What are we to make of the harsh master in Matthew 25:14-30, Carol Holbrook Prickett wonders?

Year A
Matthew 25:14-30

The first thing to stress about this parable is that it isn’t about money. 

It’s the second in a set of three parables, and while Jesus talks about money, this parable is no more about literal money than the one before is about literal oil or the one after about literal sheep and goats. The money here is a part of a larger metaphor.

The question then becomes what those talenta represent. Talenta were almost impossibly valuable — at least fifteen years’ worth of income for the average laborer. They would be worth somewhere between 2 and 6 million dollars today, depending on how you do the math. They could weigh around 75 pounds, meaning a single person might struggle to even pick one up. This is an obscene, ridiculous, hyperbolic amount of money. It’s shorthand for “the most valuable thing you can think of.” 

Jesus tells this parable just a few days before his arrest and crucifixion. Like the master in the parable, Jesus is getting ready to be absent from those who have served under him. I think it’s possible that the weighty, valuable talenta in this parable are a metaphor for  Jesus’ own ministry that the disciples will now have to manage on their own

In the parable, the master “entrusts” talenta with three servants, based on their ability to manage such riches. Two of the servants take to their commission enthusiastically, but the third stays frozen. It’s not that he embezzles or wastes the money. He simply buries that talenta in the ground, because he believes the master is harsh, and he’s afraid. 

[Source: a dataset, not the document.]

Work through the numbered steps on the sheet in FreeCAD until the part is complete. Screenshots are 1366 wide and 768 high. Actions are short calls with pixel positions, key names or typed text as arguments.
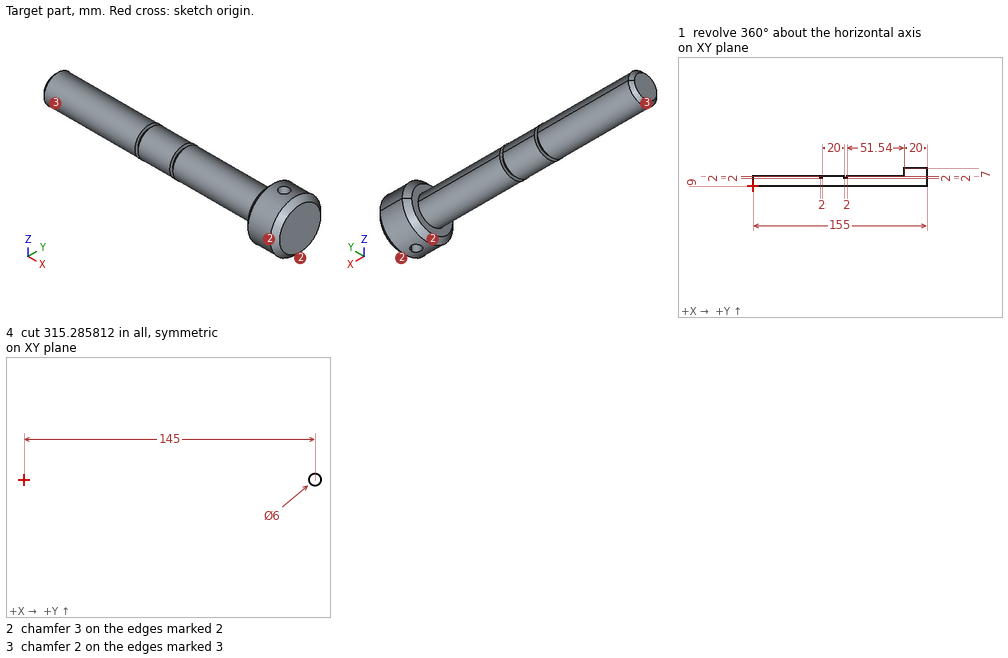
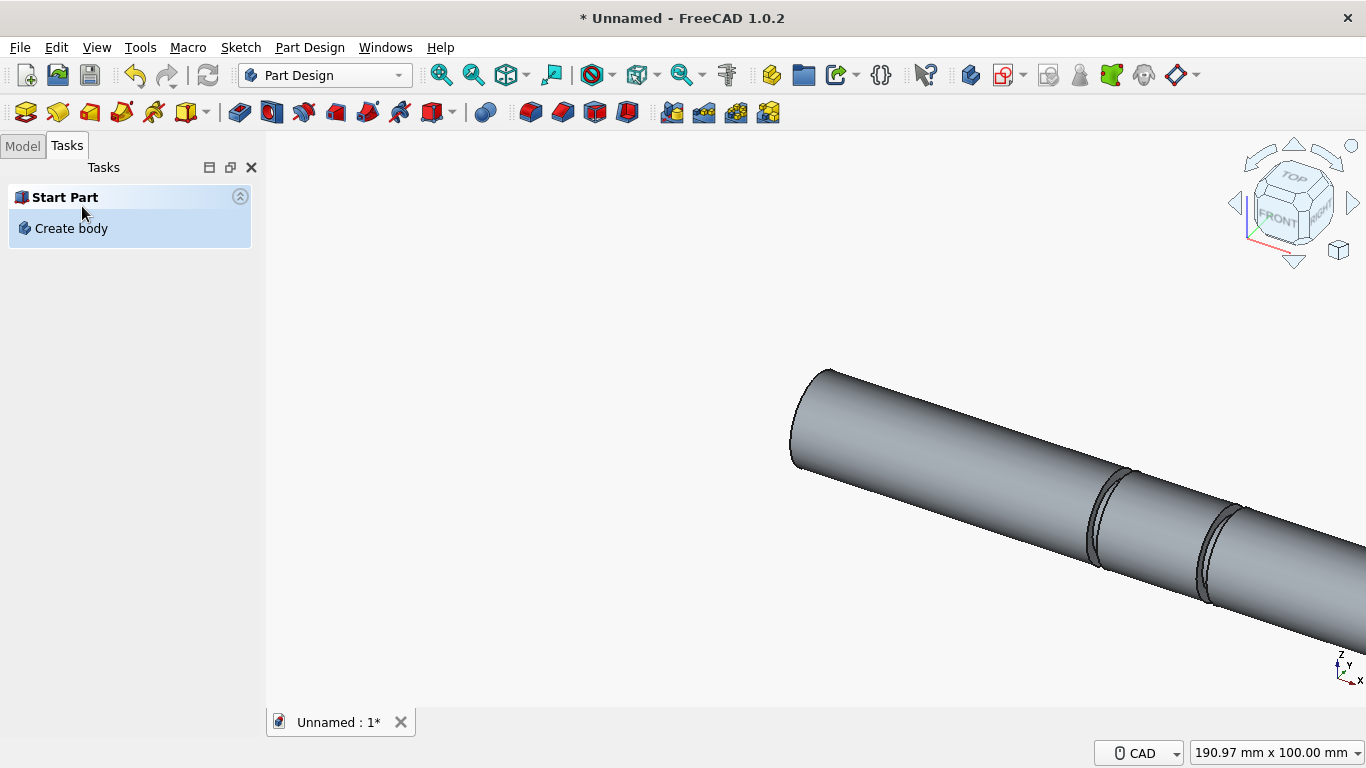
click(442, 76)

And the master who returns is harsh, with a harshness I find hard to reconcile, especially if Jesus is connecting himself with the master who will be temporarily absent. But perhaps it’s a harshness I need to hear. 

I feel for this third servant. Even though I believe in a loving and gracious Savior, I still get scared and overwhelmed by the sheer magnitude of Christ’s call on my life. I still want to avoid risks and play it safe. Sometimes, though, not doing anything is just as bad as doing something, even imperfectly. Sometimes avoiding action is the sin we commit. 

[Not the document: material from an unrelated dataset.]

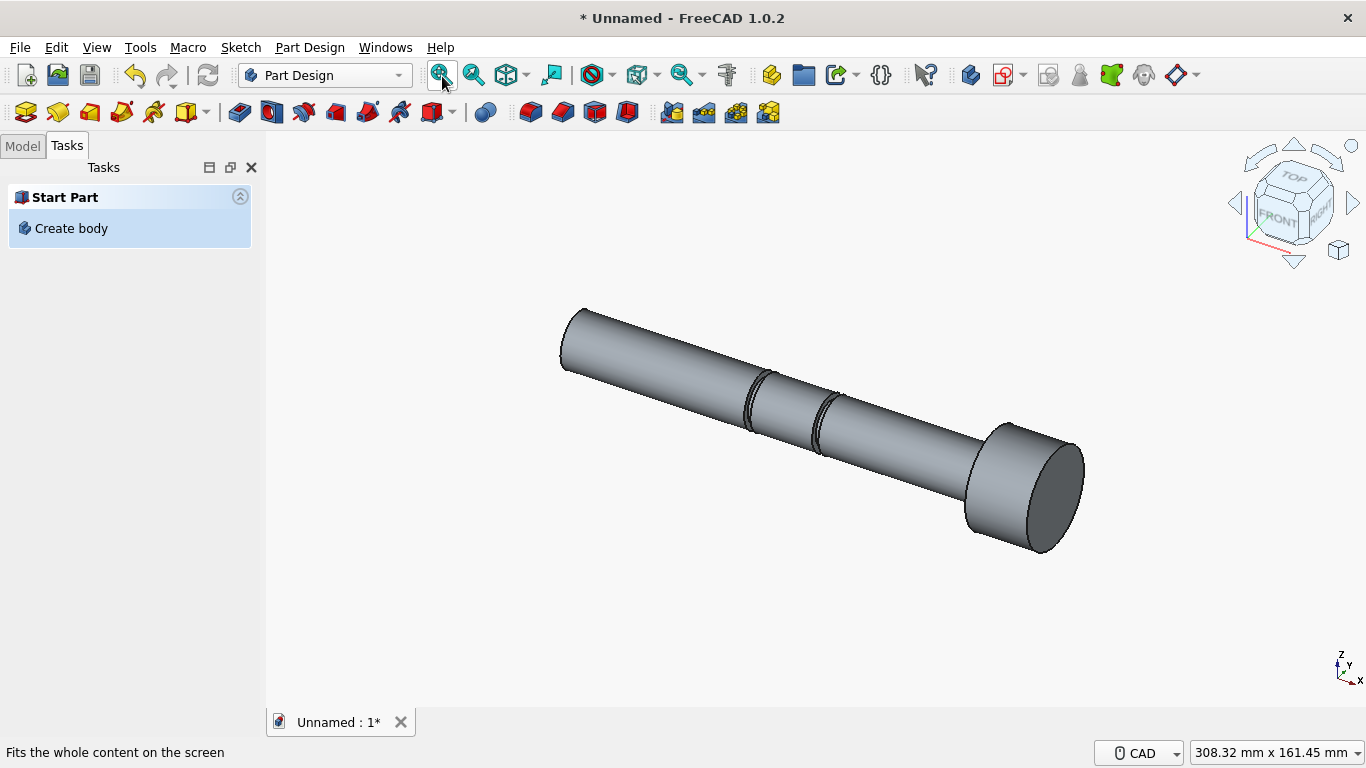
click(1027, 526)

German theologian Eberhard Bethge reflected on this sin after WWII, contrasting it with the life of German Lutheran pastor Dietrich Bonhoeffer, who was ultimately killed by the Nazis for speaking out against their regime. In his introduction to Bonhoeffer’s Life Together, John W. Doberstein quotes Bethge, writing: “The sin of respectable people reveals itself in flight from responsibility. [Bonhoeffer] saw that sin falling upon him and he took his stand.”

Bonhoeffer’s actions did not single-handedly bring down the Third Reich, but they did serve as a beacon to encourage others to work faithfully towards the same cause, despite the dangers.

…the joy of God is not in the profit, the result, or the magnitude of our Christian living. God’s joy is simply that we try.

Our instinct to bury Christ’s call for our lives – that instinct towards inaction and a flight from responsibility – is itself evil. It is not an evil that Christ cannot redeem, but it is one that must be faced if we are serious about our Christianity. If Jesus is the master in this story, then I am astonished that, at the beginning, he does trust all three servants with those extraordinarily valuable talentas, even though he knows their abilities differ. Given that the master praises the first two servants equally, even though one produced a much higher return on investment than the other, I must conclude that the joy of God is not in the profit, the result, or the magnitude of our Christian living.

God’s joy is simply that we try. God’s joy is that we put our faith into action, however uncertainly, to move the world closer to the kingdom of God. 

Questions for reflection

  1. What is the most valuable thing God has given you? Your congregation?
  2. Why do you think we are so prone to doing nothing in situations of injustice or gracelessness?
  3. What is one area in which you see your congregation putting their faith into action?